(Supplied information begins)
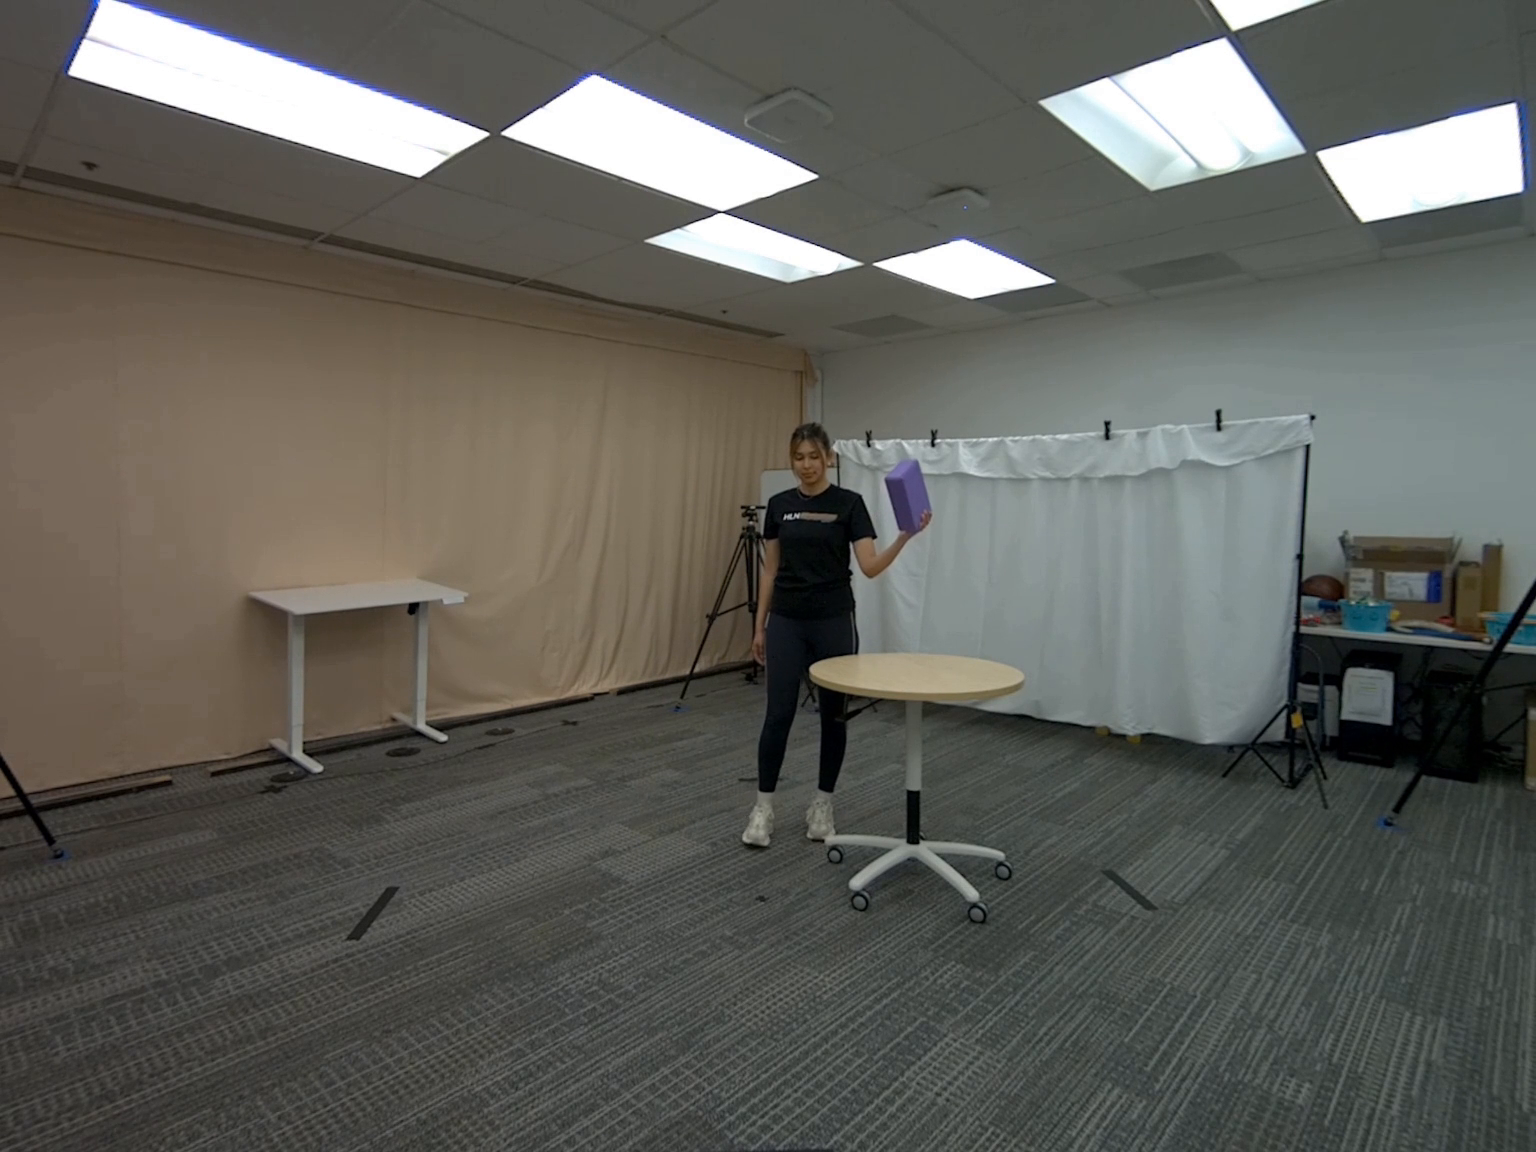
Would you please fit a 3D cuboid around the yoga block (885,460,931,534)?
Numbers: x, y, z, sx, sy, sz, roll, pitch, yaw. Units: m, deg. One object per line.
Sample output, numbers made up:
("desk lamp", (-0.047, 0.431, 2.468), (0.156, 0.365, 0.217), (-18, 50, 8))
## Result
("yoga block", (0.506, -0.297, 3.111), (0.079, 0.224, 0.147), (4, 36, 41))
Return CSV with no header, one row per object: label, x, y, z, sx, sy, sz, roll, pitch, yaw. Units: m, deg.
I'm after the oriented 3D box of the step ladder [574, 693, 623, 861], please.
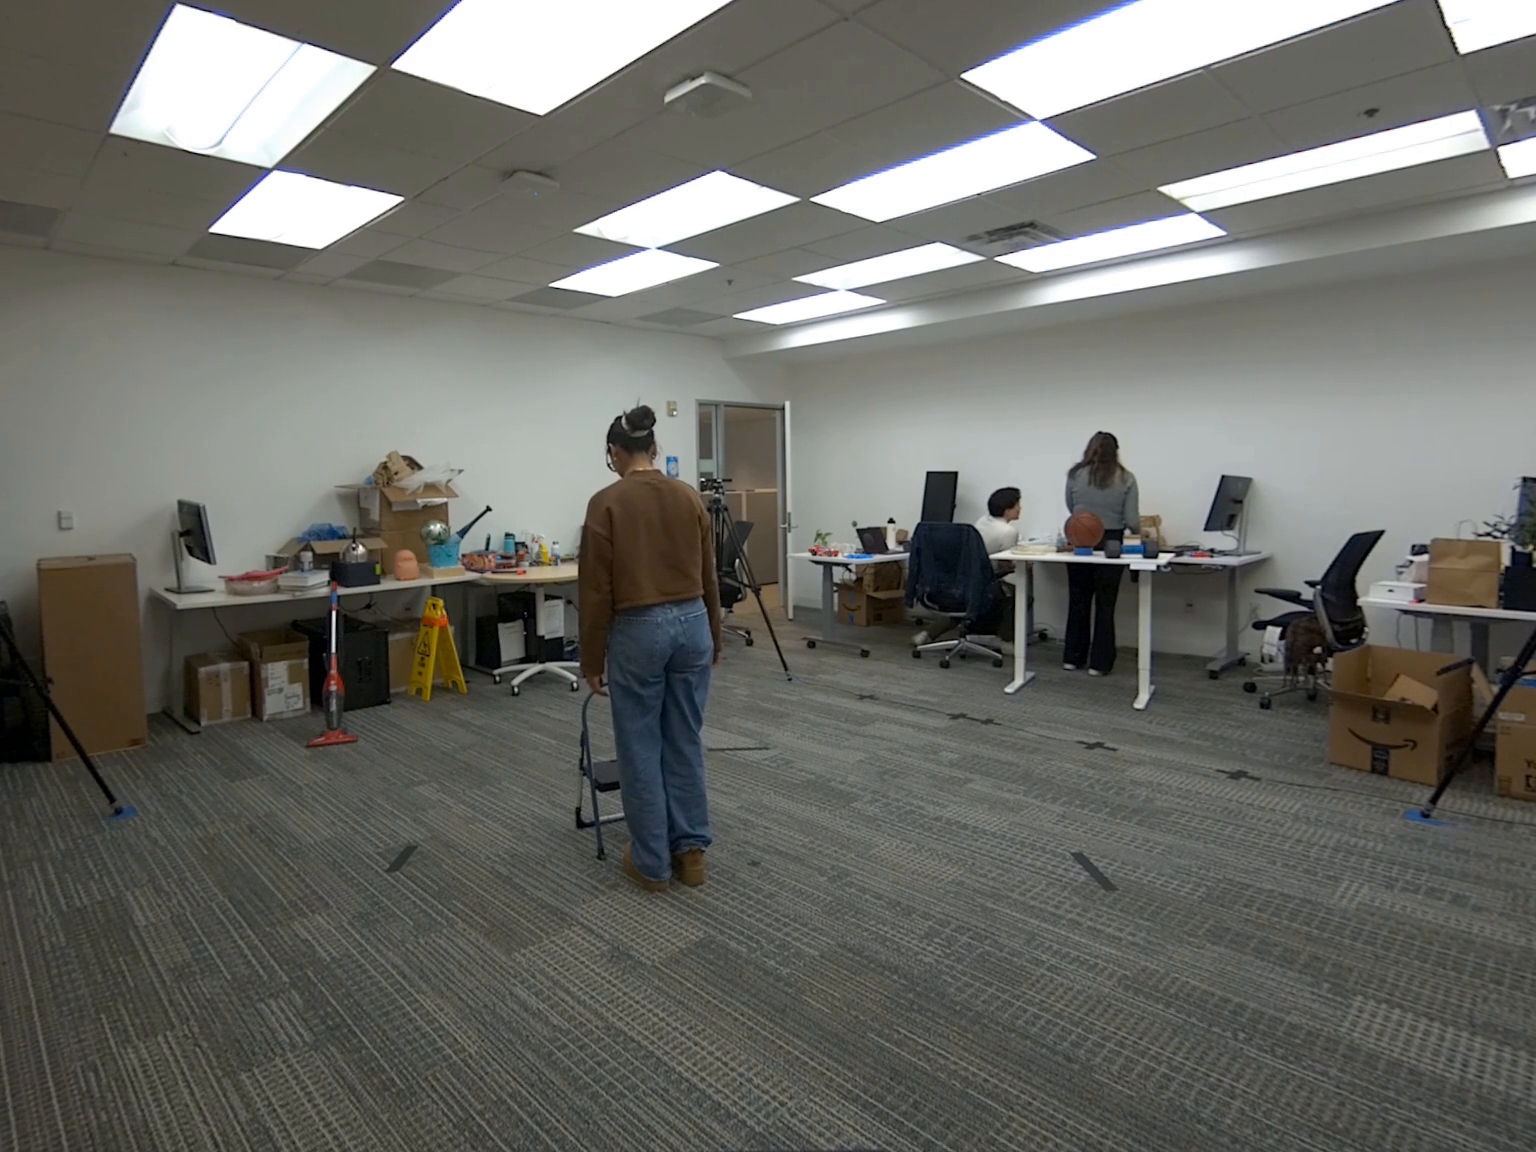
(Supplied information ends)
Action item: Would you copy out every line in the records that includes the string "please"?

Response area:
Would you please fit a 3D cuboid around the yoga block (885,460,931,534)?
I'm after the oriented 3D box of the step ladder [574, 693, 623, 861], please.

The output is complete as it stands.